# Need advice for self defense



## TheWiseMan (Jul 23, 2016)

Hello everybody.

This is my first posting here and I would like to ask for an opinion. 

So, I am generally I very calm person and have never gotten into a fight, or more then 10 years I haven't gotten into a fight and I live in a small town and recently I had an encounter with this guy that tries to bully me in different ways, and so far I have been handling the situation peacefully, but it might happen that he will soon attack me.

I have been going to the gym for a while now and I am training Shotokan Karate for 2 years now. I am 24. I am pretty strong, I do not drink, I do not smoke, I have good reflexes, but I have never gotten into a real fight. 

This guy is a bit of a drunk and a smoker and look really week, he mostly has his words and tries to drive fear into me by trying to be dominant and making himself look powerful(althought he really doesn't look that way) He recently also started making images on the internet with my name on it and some bully jokes and statuses on Social Media, he really hates me and he has hate speech like I will wipe the floor with him... really childisish stuff... 

So my question is, can you give me any advice if I cannot handle the situation peacefully and if he attacks me?


----------



## frank raud (Jul 23, 2016)

Defend yourself if necessary. You say you are strong and you train, he is weak and does not train.


----------



## Kenpoguy123 (Jul 23, 2016)

Use what you know if he gets agressive if not ignore him


----------



## ShawnP (Jul 23, 2016)

personally if i were you i would just ignore the guy, he sound like a pathetic childish drunk and not worth wasting time on, IF he decides to do some thing stupid like attack you, he will probably be drunk to work up the nerve to do it, which puts him in a bad situation to begin with.
 Also I go to the police station and explain the situation and what he has been doing so there is a record of his action as well as the social media slandering as well and get copies of the images he has been producing so there is a record of that as well. then just avoid the guy, i know it sounds like a pain to go out of your way to avoid him but i think its worth the effort so you don't have to go through the bullying/legal part over and over.
Good luck.


----------



## Brian King (Jul 23, 2016)

Ignore him and let Karma get him and in the mean time use the thought of him as motivation in your training. Do not wish for the conflict but if it comes do what is needed. Prepare the witnesses prior to the conflict teeing off as in saying you do not wish to fight, getting him to threaten you etc.
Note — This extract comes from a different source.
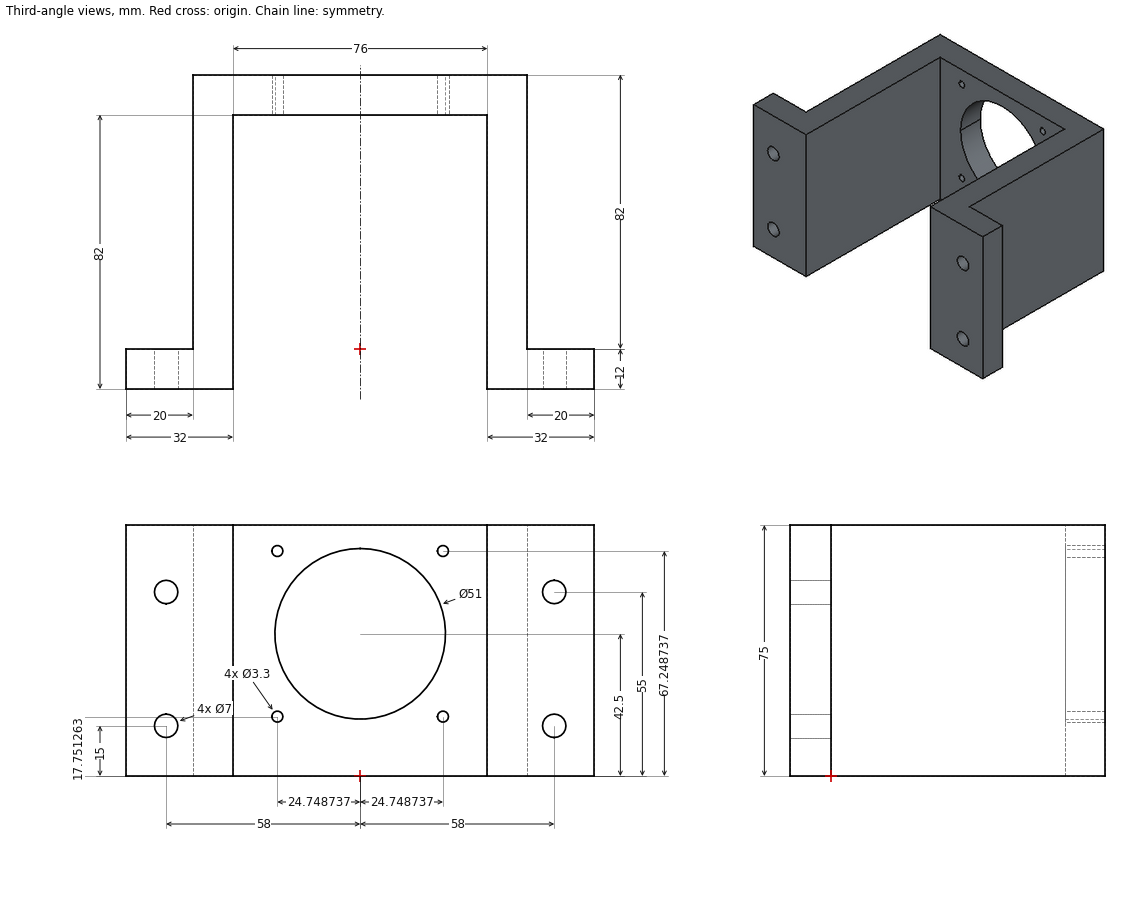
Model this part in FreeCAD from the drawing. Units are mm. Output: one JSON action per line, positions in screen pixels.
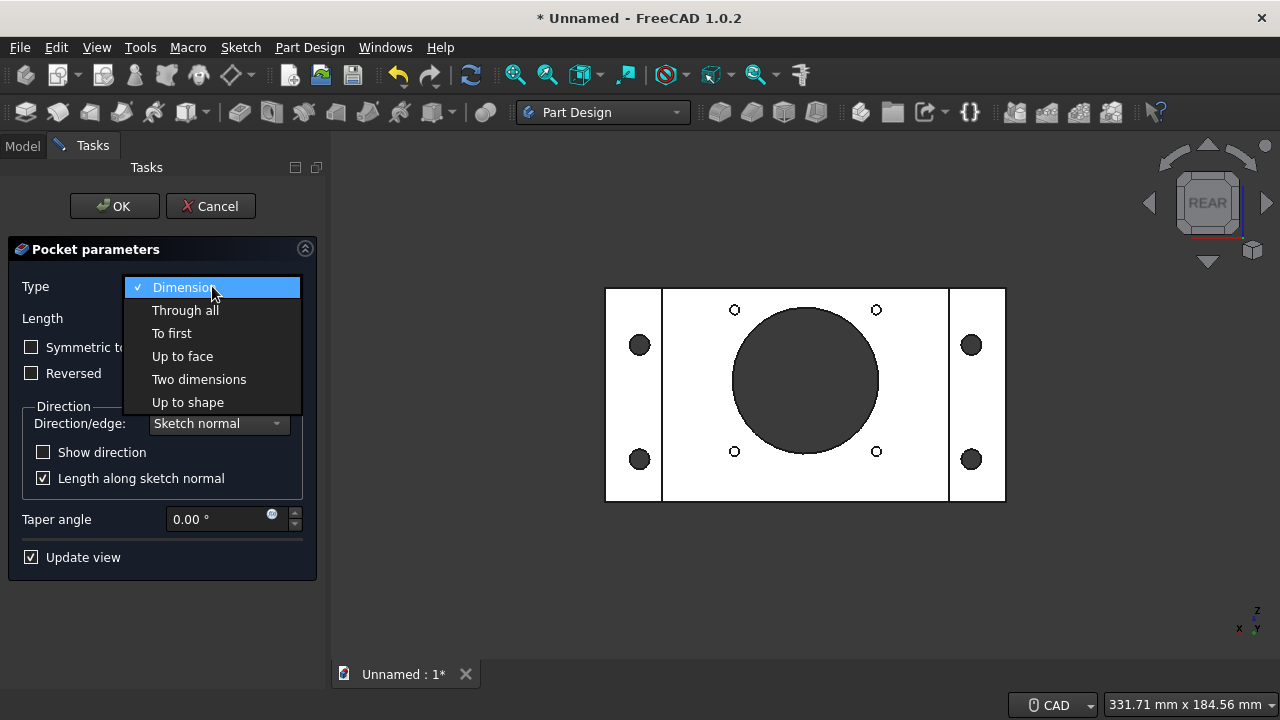
{"action": "left_click", "coordinate": [212, 310]}

You could always invite him to work out with you, perhaps some training might open his eyes and sense.
Good luck
Brian King


----------



## JP3 (Jul 23, 2016)

Personally, I'd be a bit proactive since it's a small town, and I'd go tell the local cop what's going on. This is just so the cops know what the deal is. Continue to go your way, and if the situation ever gets into a situation where you are unable to walk away from it safely, do what you need to do to stop him. Then stop and go no farther, and go tell the cop what just happened.

Advice is to not initiate a confrontation. But, if he does so, and you cannot safely evade, if I know my Shotokan, just go through him and be done with it.


----------



## drop bear (Jul 23, 2016)

Slap him.


----------



## crazydiamond (Jul 23, 2016)

Shotokan Karate has a good reputation from what I know. However I dont know the teaching at your school. Have you spared in self defense situation simulations in class ?  I have been training for over two years, including sparing, and some simulated street situations. I am not  in any rush to test it out.
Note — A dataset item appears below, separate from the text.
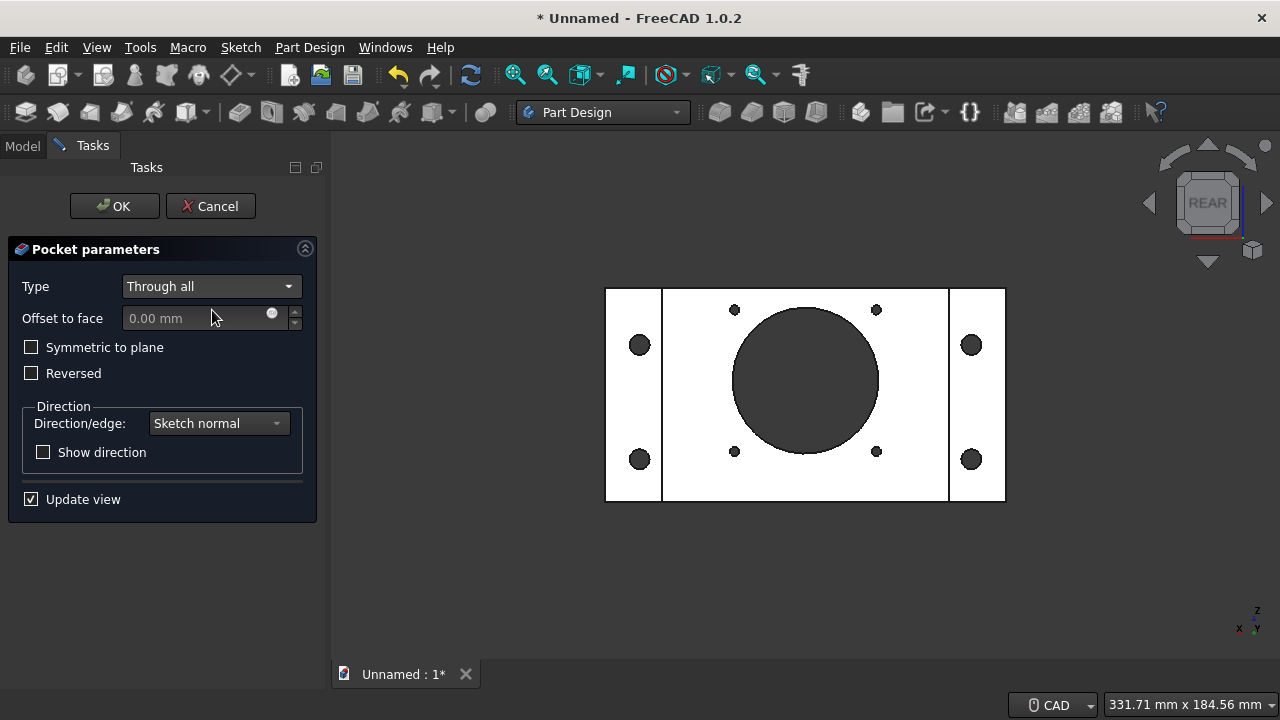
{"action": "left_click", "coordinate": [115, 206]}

But I can tell you that I recently observed two douche bags (sports fan hooligans)  on the train that I remember from 3-4 years ago. At the time they were very drunk and verbally insulating and walking around the train in threatening manner.  I was uncomfortable at that time and not in their line of fire.  I can only say that my training made me calmer and confident this time when I encountered them not that I wanted to fight them. But calm and secure is a good feeling to stay with between fear and fight. Perhaps your training can bring this good middle ground for you.


----------



## Tames D (Jul 23, 2016)

Good advice from everyone. Try to avoid a confrontation. But if you can't and have to defend yourself, make sure you 'wipe the floor with him' when you are done. I think he will see the irony.


----------



## TheWiseMan (Jul 24, 2016)

Thanks a lot for the advice everyone, means a lot and it was the advice that I needed and it correlated with the thoughts that I already had.  




JP3 said:


> Personally, I'd be a bit proactive since it's a small town, and I'd go tell the local cop what's going on. This is just so the cops know what the deal is. Continue to go your way, and if the situation ever gets into a situation where you are unable to walk away from it safely, do what you need to do to stop him. Then stop and go no farther, and go tell the cop what just happened.
> 
> Advice is to not initiate a confrontation. But, if he does so, and you cannot safely evade, if I know my Shotokan, just go through him and be done with it.



I love the part "If I know my Shotokan, just go through him"   



crazydiamond said:


> Shotokan Karate has a good reputation from what I know. However I dont know the teaching at your school. Have you spared in self defense situation simulations in class ?  I have been training for over two years, including sparing, and some simulated street situations. I am not  in any rush to test it out.
> 
> But I can tell you that I recently observed two douche bags (sports fan hooligans)  on the train that I remember from 3-4 years ago. At the time they were very drunk and verbally insulating and walking around the train in threatening manner.  I was uncomfortable at that time and not in their line of fire.  I can only say that my training made me calmer and confident this time when I encountered them not that I wanted to fight them. But calm and secure is a good feeling to stay with between fear and fight. Perhaps your training can bring this good middle ground for you.



My teacher is really old school, a 70 years old guy that has a really good way of teaching us and explaining the importance of every move and increasing the intuition and reflexes a lot. We had not had street situations simulated, mostly sparring. 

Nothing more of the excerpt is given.